The final table I'll provide will show a comparison of the analyst ratings for each and potential upside given the corresponding average price target. Remember, a rating of 1.0 equals a strong buy and a 5.0 equals a sell rating on the name.

Analyst Views 'T' FB LNKD ZNGA GRPN P
Analyst Opinion 2.4 2.4 2.4 2.6 2.3
Average Target $38.75 $128.76 $12.83 $18.12 $13.56
Upside 49.79% 38.45% 123.91% 85.09% 31.91%
Analyst Views 'N' FB LNKD ZNGA GRPN P
Analyst Opinion 2.4 2.4 2.3 2.5 2.4
Average Target $38.73 $129.31 $12.00 $17.94 $13.56
Upside 17.19% 21.02% 100.00% 72.50% 24.86%
Click to enlarge

In terms of the ratings, Zynga and Groupon are slightly stronger buys according to analysts, while Pandora is a slightly weaker buy. In terms of potential upside, Facebook has seen the greatest decline because the stock has run so much lately. But remember, all of this above doesn't include what we are about to here from the underwriters. Once they publish their opinions, these numbers could change greatly.

As you can see, the Facebook fun is about to get even greater. In the next few days, we'll start hearing from the underwriters. Do they like the stock, or were rumors of their estimate cuts prior to the IPO true? Within the next months or so, we'll also hear Facebook report earnings for the first time as a public company. Also, the lock up periods will start to expire, meaning insiders can sell and millions of shares will be added to the float.
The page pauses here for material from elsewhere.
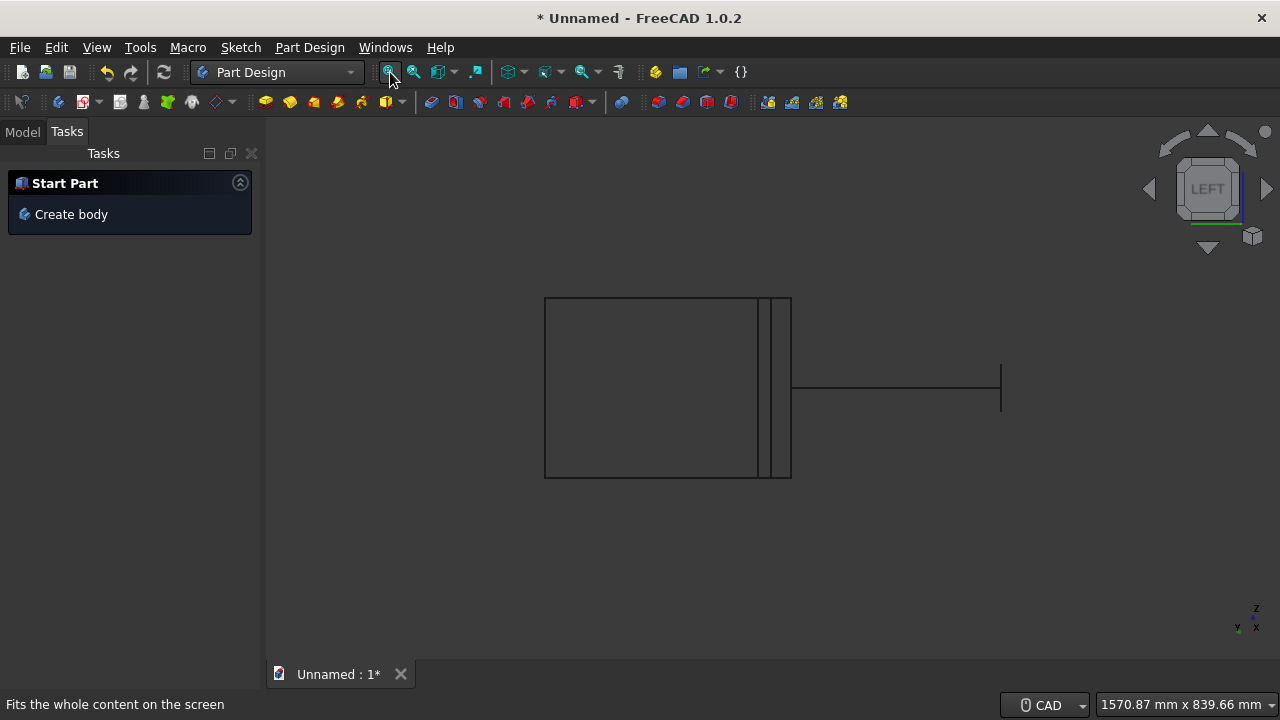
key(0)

All of these events will make an already volatile name see more action. As you can probably guess, I am still recommending a short trade on Facebook, purely based on valuation. However, it might be worth it to see what the underwriters have to say first. If they like Facebook, shares might rise even more, and you could short it higher. If they don't like it, it will provide confirmation to the slower growth prospects, and you could probably still short it down to the recent lows near $25.

Disclosure: I have no positions in any stocks mentioned, and no plans to initiate any positions within the next 72 hours.